As head injuries and their sequelae have become an increasingly salient matter of public health, experts in the field have made great progress elucidating the biological processes occurring within the brain at the moment of injury and throughout the recovery thereafter. Given the extraordinary rate at which our collective knowledge of neurotrauma has grown, new insights may be revealed by examining the existing literature across disciplines with a new perspective. This article will aim to expand the scope of this rapidly evolving field of research beyond the confines of the central nervous system (CNS). Specifically, we will examine the extent to which the bidirectional influence of the gut-brain axis modulates the complex biological processes occurring at the time of traumatic brain injury (TBI) and over the days, months, and years that follow. In addition to local enteric signals originating in the gut, it is well accepted that gastrointestinal (GI) physiology is highly regulated by innervation from the CNS. Conversely, emerging data suggests that the function and health of the CNS is modulated by the interaction between 1) neurotransmitters, immune signaling, hormones, and neuropeptides produced in the gut, 2) the composition of the gut microbiota, and 3) integrity of the intestinal wall serving as a barrier to the external environment. Specific to TBI, existing pre-clinical data indicates that head injuries can cause structural and functional damage to the GI tract, but research directly investigating the neuronal consequences of this intestinal damage is lacking. Despite this void, the proposed mechanisms emanating from a damaged gut are closely implicated in the inflammatory processes known to promote neuropathology in the brain following TBI, which suggests the gut-brain axis may be a therapeutic target to reduce the risk of Chronic Traumatic Encephalopathy and other neurodegenerative diseases following TBI. To better appreciate how various peripheral influences are implicated in the health of the CNS following TBI, this paper will also review the secondary biological injury mechanisms and the dynamic pathophysiological response to neurotrauma. Together, this review article will attempt to connect the dots to reveal novel insights into the bidirectional influence of the gut-brain axis and propose a conceptual model relevant to the recovery from TBI and subsequent risk for future neurological conditions.

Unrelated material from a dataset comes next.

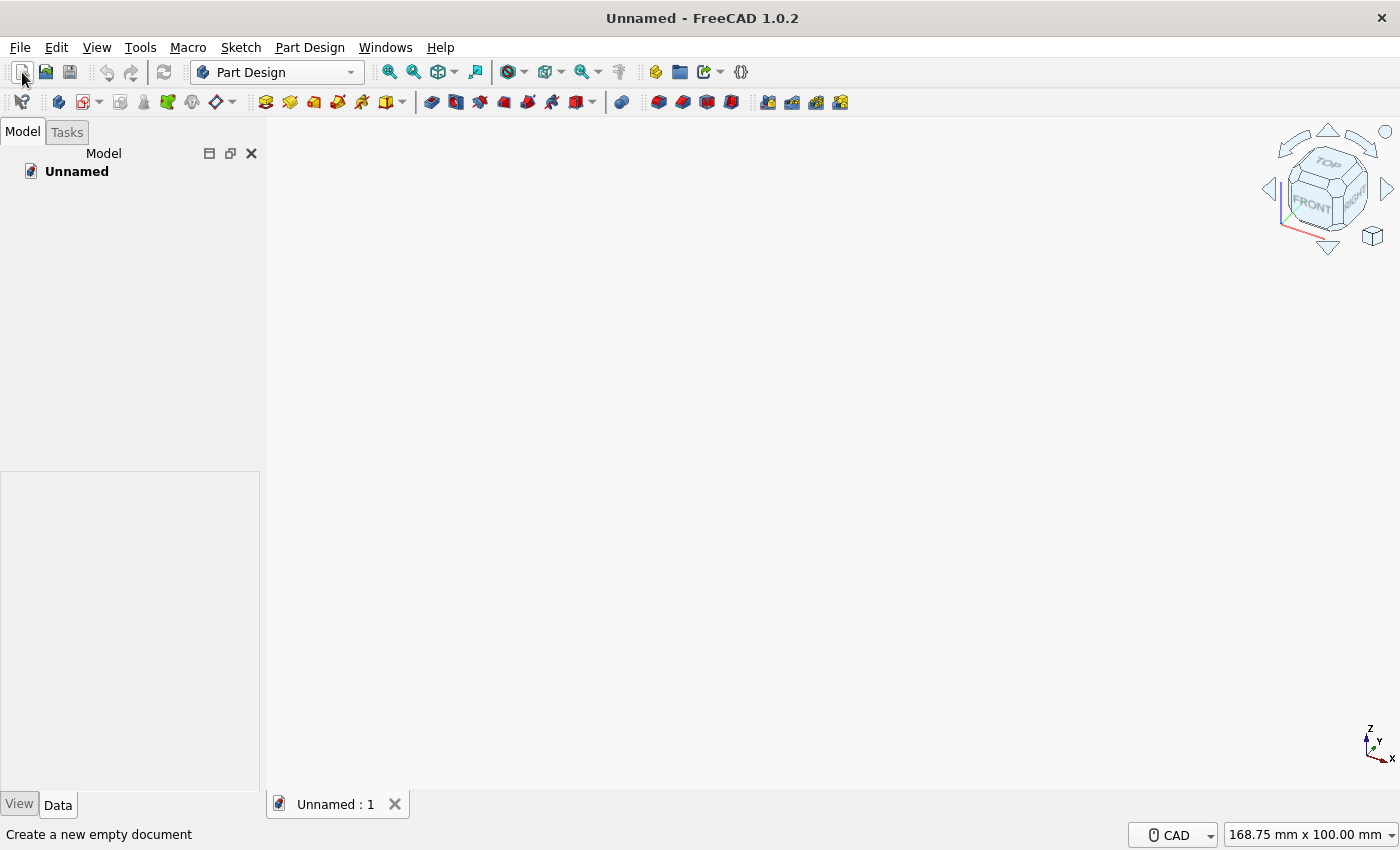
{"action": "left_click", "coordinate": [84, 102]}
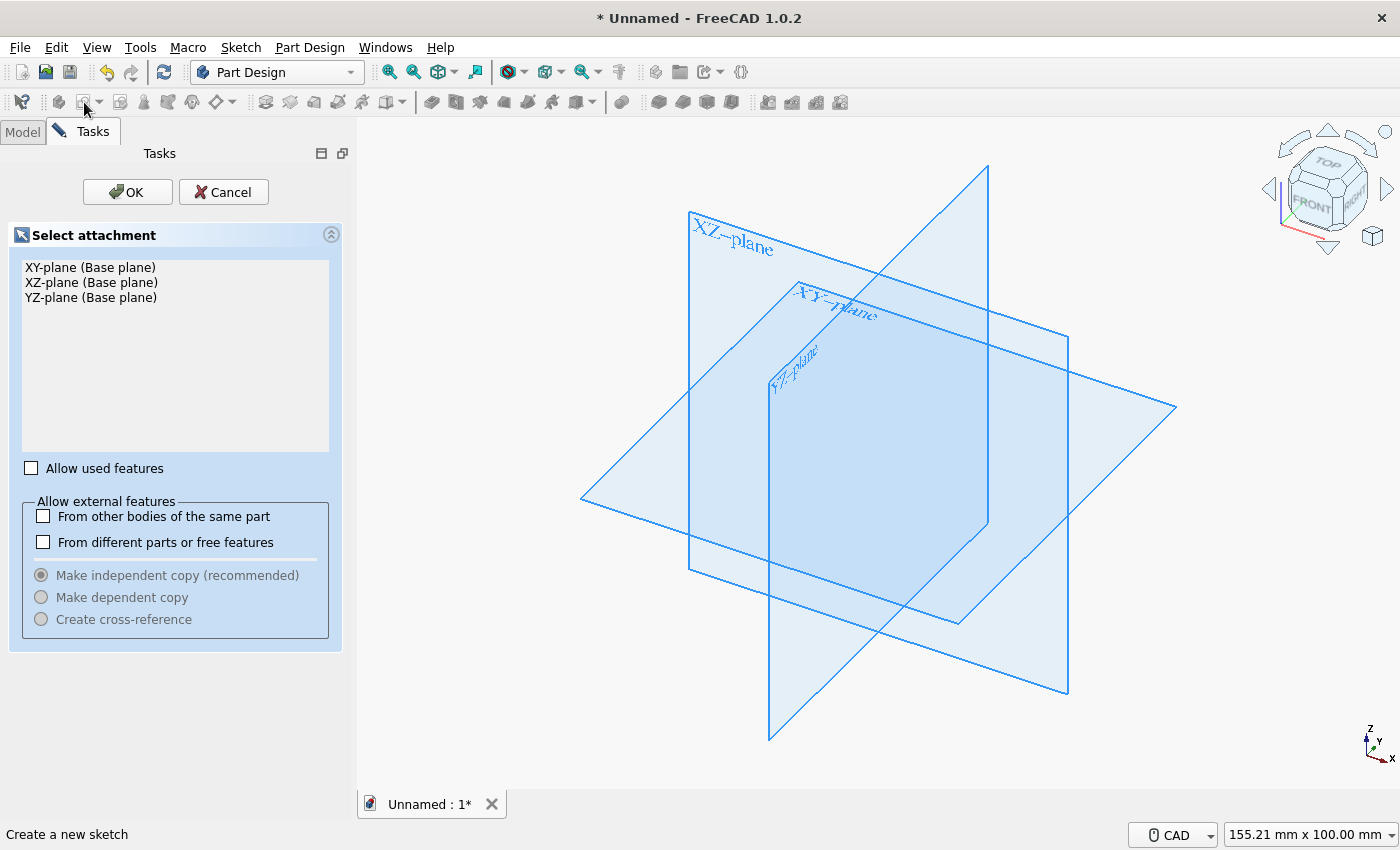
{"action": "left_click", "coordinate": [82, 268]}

随着头部损伤及其后遗症成为日益引人关注的公共卫生问题,该领域的专家在阐明损伤时和此后整个恢复过程中大脑内发生的生物学过程方面取得了重大进展。鉴于我们对神经创伤的集体知识以惊人的速度增长,通过用新的视角检查跨学科的现有文献,可能会揭示新的见解。本文将旨在将这一快速发展的研究领域的范围扩展到中枢神经系统 (CNS) 之外。具体来说,我们将研究肠道-大脑轴的双向影响在创伤性脑损伤 (TBI) 发生时以及随后的数天、数月和数年内调节复杂生物学过程的程度。除了源自肠道的局部肠内信号外,人们普遍认为胃肠道 (GI) 生理学受中枢神经系统的神经支配高度调节。相反,新出现的数据表明,CNS 的功能和健康受以下三个方面的相互作用调节:1)肠道中产生的神经递质、免疫信号、激素和神经肽;2)肠道微生物组的组成;3)作为外部环境屏障的肠壁的完整性。具体到 TBI,现有的临床前数据表明,头部损伤会导致胃肠道的结构和功能损伤,但缺乏直接研究这种肠道损伤对神经元影响的研究。尽管存在这种空白,但源自受损肠道的提出的机制与已知促进 TBI 后大脑神经病理学的炎症过程密切相关,这表明肠道-大脑轴可能是降低 TBI 后慢性创伤性脑病和其他神经退行性疾病风险的治疗靶点。为了更好地了解各种外周影响如何与 TBI 后中枢神经系统的健康相关,本文还将回顾继发性生物损伤机制和对神经创伤的动态病理生理学反应。总之,这篇综述文章将试图将这些线索联系起来,揭示肠道-大脑轴的双向影响的新见解,并提出一个与 TBI 恢复和随后未来神经状况风险相关的概念模型。